▶ _Task description_:
All lines below must be repeated exactly, with the pictures omitted.

▶ _Input data_:
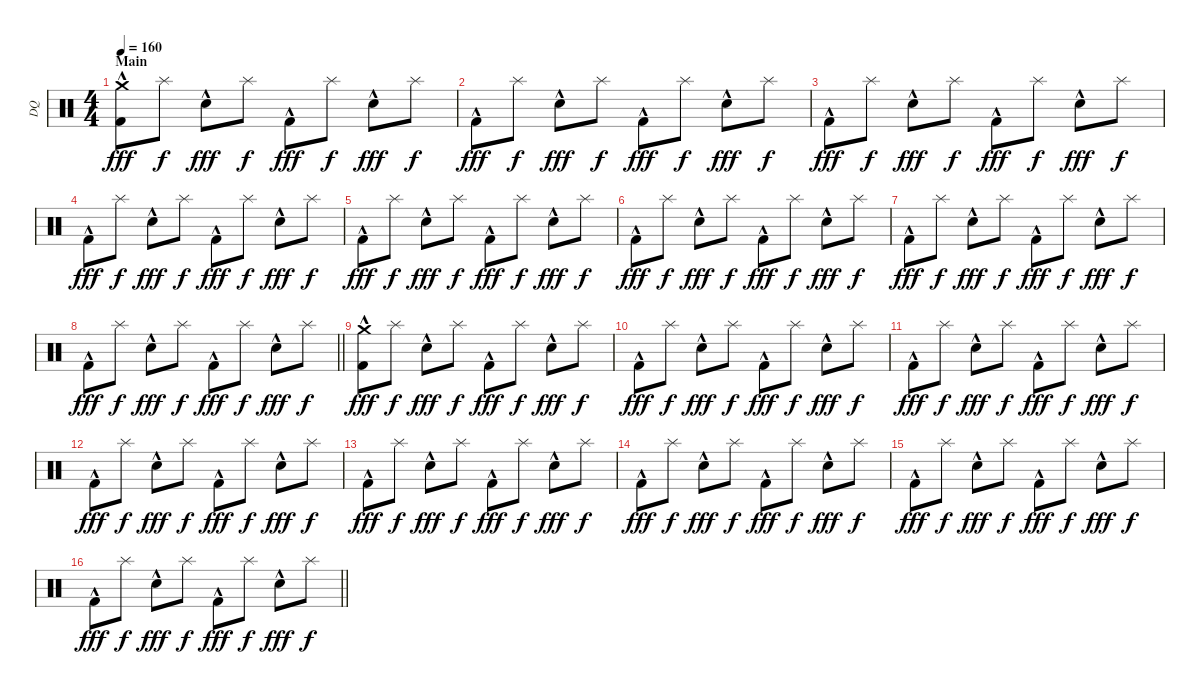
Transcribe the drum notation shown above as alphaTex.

\track ("DQ" "DQ") {instrument percussion}
\staff {score}
\articulation defaults
\ts (4 4)
\section ("" "Main")
\tempo 160
\clef neutral
\ks c
("Kick (hit) 2"{hac} "Crash medium (hit)").8{dy fff} "Splash (hit)".8{dy f} "Snare (hit) 2"{hac}.8{dy fff} "Splash (hit)".8{dy f} "Kick (hit) 2"{hac}.8{dy fff} "Splash (hit)".8{dy f} "Snare (hit) 2"{hac}.8{dy fff} "Splash (hit)".8{dy f} |
"Kick (hit) 2"{hac}.8{dy fff} "Splash (hit)".8{dy f} "Snare (hit) 2"{hac}.8{dy fff} "Splash (hit)".8{dy f} "Kick (hit) 2"{hac}.8{dy fff} "Splash (hit)".8{dy f} "Snare (hit) 2"{hac}.8{dy fff} "Splash (hit)".8{dy f} |
"Kick (hit) 2"{hac}.8{dy fff} "Splash (hit)".8{dy f} "Snare (hit) 2"{hac}.8{dy fff} "Splash (hit)".8{dy f} "Kick (hit) 2"{hac}.8{dy fff} "Splash (hit)".8{dy f} "Snare (hit) 2"{hac}.8{dy fff} "Splash (hit)".8{dy f} |
"Kick (hit) 2"{hac}.8{dy fff} "Splash (hit)".8{dy f} "Snare (hit) 2"{hac}.8{dy fff} "Splash (hit)".8{dy f} "Kick (hit) 2"{hac}.8{dy fff} "Splash (hit)".8{dy f} "Snare (hit) 2"{hac}.8{dy fff} "Splash (hit)".8{dy f} |
"Kick (hit) 2"{hac}.8{dy fff} "Splash (hit)".8{dy f} "Snare (hit) 2"{hac}.8{dy fff} "Splash (hit)".8{dy f} "Kick (hit) 2"{hac}.8{dy fff} "Splash (hit)".8{dy f} "Snare (hit) 2"{hac}.8{dy fff} "Splash (hit)".8{dy f} |
"Kick (hit) 2"{hac}.8{dy fff} "Splash (hit)".8{dy f} "Snare (hit) 2"{hac}.8{dy fff} "Splash (hit)".8{dy f} "Kick (hit) 2"{hac}.8{dy fff} "Splash (hit)".8{dy f} "Snare (hit) 2"{hac}.8{dy fff} "Splash (hit)".8{dy f} |
"Kick (hit) 2"{hac}.8{dy fff} "Splash (hit)".8{dy f} "Snare (hit) 2"{hac}.8{dy fff} "Splash (hit)".8{dy f} "Kick (hit) 2"{hac}.8{dy fff} "Splash (hit)".8{dy f} "Snare (hit) 2"{hac}.8{dy fff} "Splash (hit)".8{dy f} |
\barLineRight lightlight "Kick (hit) 2"{hac}.8{dy fff} "Splash (hit)".8{dy f} "Snare (hit) 2"{hac}.8{dy fff} "Splash (hit)".8{dy f} "Kick (hit) 2"{hac}.8{dy fff} "Splash (hit)".8{dy f} "Snare (hit) 2"{hac}.8{dy fff} "Splash (hit)".8{dy f}
|
\section ("" "")
("Kick (hit) 2"{hac} "Crash medium (hit)").8{dy fff} "Splash (hit)".8{dy f} "Snare (hit) 2"{hac}.8{dy fff} "Splash (hit)".8{dy f} "Kick (hit) 2"{hac}.8{dy fff} "Splash (hit)".8{dy f} "Snare (hit) 2"{hac}.8{dy fff} "Splash (hit)".8{dy f} |
"Kick (hit) 2"{hac}.8{dy fff} "Splash (hit)".8{dy f} "Snare (hit) 2"{hac}.8{dy fff} "Splash (hit)".8{dy f} "Kick (hit) 2"{hac}.8{dy fff} "Splash (hit)".8{dy f} "Snare (hit) 2"{hac}.8{dy fff} "Splash (hit)".8{dy f} |
"Kick (hit) 2"{hac}.8{dy fff} "Splash (hit)".8{dy f} "Snare (hit) 2"{hac}.8{dy fff} "Splash (hit)".8{dy f} "Kick (hit) 2"{hac}.8{dy fff} "Splash (hit)".8{dy f} "Snare (hit) 2"{hac}.8{dy fff} "Splash (hit)".8{dy f} |
"Kick (hit) 2"{hac}.8{dy fff} "Splash (hit)".8{dy f} "Snare (hit) 2"{hac}.8{dy fff} "Splash (hit)".8{dy f} "Kick (hit) 2"{hac}.8{dy fff} "Splash (hit)".8{dy f} "Snare (hit) 2"{hac}.8{dy fff} "Splash (hit)".8{dy f} |
"Kick (hit) 2"{hac}.8{dy fff} "Splash (hit)".8{dy f} "Snare (hit) 2"{hac}.8{dy fff} "Splash (hit)".8{dy f} "Kick (hit) 2"{hac}.8{dy fff} "Splash (hit)".8{dy f} "Snare (hit) 2"{hac}.8{dy fff} "Splash (hit)".8{dy f} |
"Kick (hit) 2"{hac}.8{dy fff} "Splash (hit)".8{dy f} "Snare (hit) 2"{hac}.8{dy fff} "Splash (hit)".8{dy f} "Kick (hit) 2"{hac}.8{dy fff} "Splash (hit)".8{dy f} "Snare (hit) 2"{hac}.8{dy fff} "Splash (hit)".8{dy f} |
"Kick (hit) 2"{hac}.8{dy fff} "Splash (hit)".8{dy f} "Snare (hit) 2"{hac}.8{dy fff} "Splash (hit)".8{dy f} "Kick (hit) 2"{hac}.8{dy fff} "Splash (hit)".8{dy f} "Snare (hit) 2"{hac}.8{dy fff} "Splash (hit)".8{dy f} |
\barLineRight lightlight "Kick (hit) 2"{hac}.8{dy fff} "Splash (hit)".8{dy f} "Snare (hit) 2"{hac}.8{dy fff} "Splash (hit)".8{dy f} "Kick (hit) 2"{hac}.8{dy fff} "Splash (hit)".8{dy f} "Snare (hit) 2"{hac}.8{dy fff} "Splash (hit)".8{dy f}

▶ _Answer area_:
Transcribe the drum notation shown above as alphaTex.

\track ("DQ" "DQ") {instrument percussion}
\staff {score}
\articulation defaults
\ts (4 4)
\section ("" "Main")
\tempo 160
\clef neutral
\ks c
("Kick (hit) 2"{hac} "Crash medium (hit)").8{dy fff} "Splash (hit)".8{dy f} "Snare (hit) 2"{hac}.8{dy fff} "Splash (hit)".8{dy f} "Kick (hit) 2"{hac}.8{dy fff} "Splash (hit)".8{dy f} "Snare (hit) 2"{hac}.8{dy fff} "Splash (hit)".8{dy f} |
"Kick (hit) 2"{hac}.8{dy fff} "Splash (hit)".8{dy f} "Snare (hit) 2"{hac}.8{dy fff} "Splash (hit)".8{dy f} "Kick (hit) 2"{hac}.8{dy fff} "Splash (hit)".8{dy f} "Snare (hit) 2"{hac}.8{dy fff} "Splash (hit)".8{dy f} |
"Kick (hit) 2"{hac}.8{dy fff} "Splash (hit)".8{dy f} "Snare (hit) 2"{hac}.8{dy fff} "Splash (hit)".8{dy f} "Kick (hit) 2"{hac}.8{dy fff} "Splash (hit)".8{dy f} "Snare (hit) 2"{hac}.8{dy fff} "Splash (hit)".8{dy f} |
"Kick (hit) 2"{hac}.8{dy fff} "Splash (hit)".8{dy f} "Snare (hit) 2"{hac}.8{dy fff} "Splash (hit)".8{dy f} "Kick (hit) 2"{hac}.8{dy fff} "Splash (hit)".8{dy f} "Snare (hit) 2"{hac}.8{dy fff} "Splash (hit)".8{dy f} |
"Kick (hit) 2"{hac}.8{dy fff} "Splash (hit)".8{dy f} "Snare (hit) 2"{hac}.8{dy fff} "Splash (hit)".8{dy f} "Kick (hit) 2"{hac}.8{dy fff} "Splash (hit)".8{dy f} "Snare (hit) 2"{hac}.8{dy fff} "Splash (hit)".8{dy f} |
"Kick (hit) 2"{hac}.8{dy fff} "Splash (hit)".8{dy f} "Snare (hit) 2"{hac}.8{dy fff} "Splash (hit)".8{dy f} "Kick (hit) 2"{hac}.8{dy fff} "Splash (hit)".8{dy f} "Snare (hit) 2"{hac}.8{dy fff} "Splash (hit)".8{dy f} |
"Kick (hit) 2"{hac}.8{dy fff} "Splash (hit)".8{dy f} "Snare (hit) 2"{hac}.8{dy fff} "Splash (hit)".8{dy f} "Kick (hit) 2"{hac}.8{dy fff} "Splash (hit)".8{dy f} "Snare (hit) 2"{hac}.8{dy fff} "Splash (hit)".8{dy f} |
\barLineRight lightlight "Kick (hit) 2"{hac}.8{dy fff} "Splash (hit)".8{dy f} "Snare (hit) 2"{hac}.8{dy fff} "Splash (hit)".8{dy f} "Kick (hit) 2"{hac}.8{dy fff} "Splash (hit)".8{dy f} "Snare (hit) 2"{hac}.8{dy fff} "Splash (hit)".8{dy f}
|
\section ("" "")
("Kick (hit) 2"{hac} "Crash medium (hit)").8{dy fff} "Splash (hit)".8{dy f} "Snare (hit) 2"{hac}.8{dy fff} "Splash (hit)".8{dy f} "Kick (hit) 2"{hac}.8{dy fff} "Splash (hit)".8{dy f} "Snare (hit) 2"{hac}.8{dy fff} "Splash (hit)".8{dy f} |
"Kick (hit) 2"{hac}.8{dy fff} "Splash (hit)".8{dy f} "Snare (hit) 2"{hac}.8{dy fff} "Splash (hit)".8{dy f} "Kick (hit) 2"{hac}.8{dy fff} "Splash (hit)".8{dy f} "Snare (hit) 2"{hac}.8{dy fff} "Splash (hit)".8{dy f} |
"Kick (hit) 2"{hac}.8{dy fff} "Splash (hit)".8{dy f} "Snare (hit) 2"{hac}.8{dy fff} "Splash (hit)".8{dy f} "Kick (hit) 2"{hac}.8{dy fff} "Splash (hit)".8{dy f} "Snare (hit) 2"{hac}.8{dy fff} "Splash (hit)".8{dy f} |
"Kick (hit) 2"{hac}.8{dy fff} "Splash (hit)".8{dy f} "Snare (hit) 2"{hac}.8{dy fff} "Splash (hit)".8{dy f} "Kick (hit) 2"{hac}.8{dy fff} "Splash (hit)".8{dy f} "Snare (hit) 2"{hac}.8{dy fff} "Splash (hit)".8{dy f} |
"Kick (hit) 2"{hac}.8{dy fff} "Splash (hit)".8{dy f} "Snare (hit) 2"{hac}.8{dy fff} "Splash (hit)".8{dy f} "Kick (hit) 2"{hac}.8{dy fff} "Splash (hit)".8{dy f} "Snare (hit) 2"{hac}.8{dy fff} "Splash (hit)".8{dy f} |
"Kick (hit) 2"{hac}.8{dy fff} "Splash (hit)".8{dy f} "Snare (hit) 2"{hac}.8{dy fff} "Splash (hit)".8{dy f} "Kick (hit) 2"{hac}.8{dy fff} "Splash (hit)".8{dy f} "Snare (hit) 2"{hac}.8{dy fff} "Splash (hit)".8{dy f} |
"Kick (hit) 2"{hac}.8{dy fff} "Splash (hit)".8{dy f} "Snare (hit) 2"{hac}.8{dy fff} "Splash (hit)".8{dy f} "Kick (hit) 2"{hac}.8{dy fff} "Splash (hit)".8{dy f} "Snare (hit) 2"{hac}.8{dy fff} "Splash (hit)".8{dy f} |
\barLineRight lightlight "Kick (hit) 2"{hac}.8{dy fff} "Splash (hit)".8{dy f} "Snare (hit) 2"{hac}.8{dy fff} "Splash (hit)".8{dy f} "Kick (hit) 2"{hac}.8{dy fff} "Splash (hit)".8{dy f} "Snare (hit) 2"{hac}.8{dy fff} "Splash (hit)".8{dy f}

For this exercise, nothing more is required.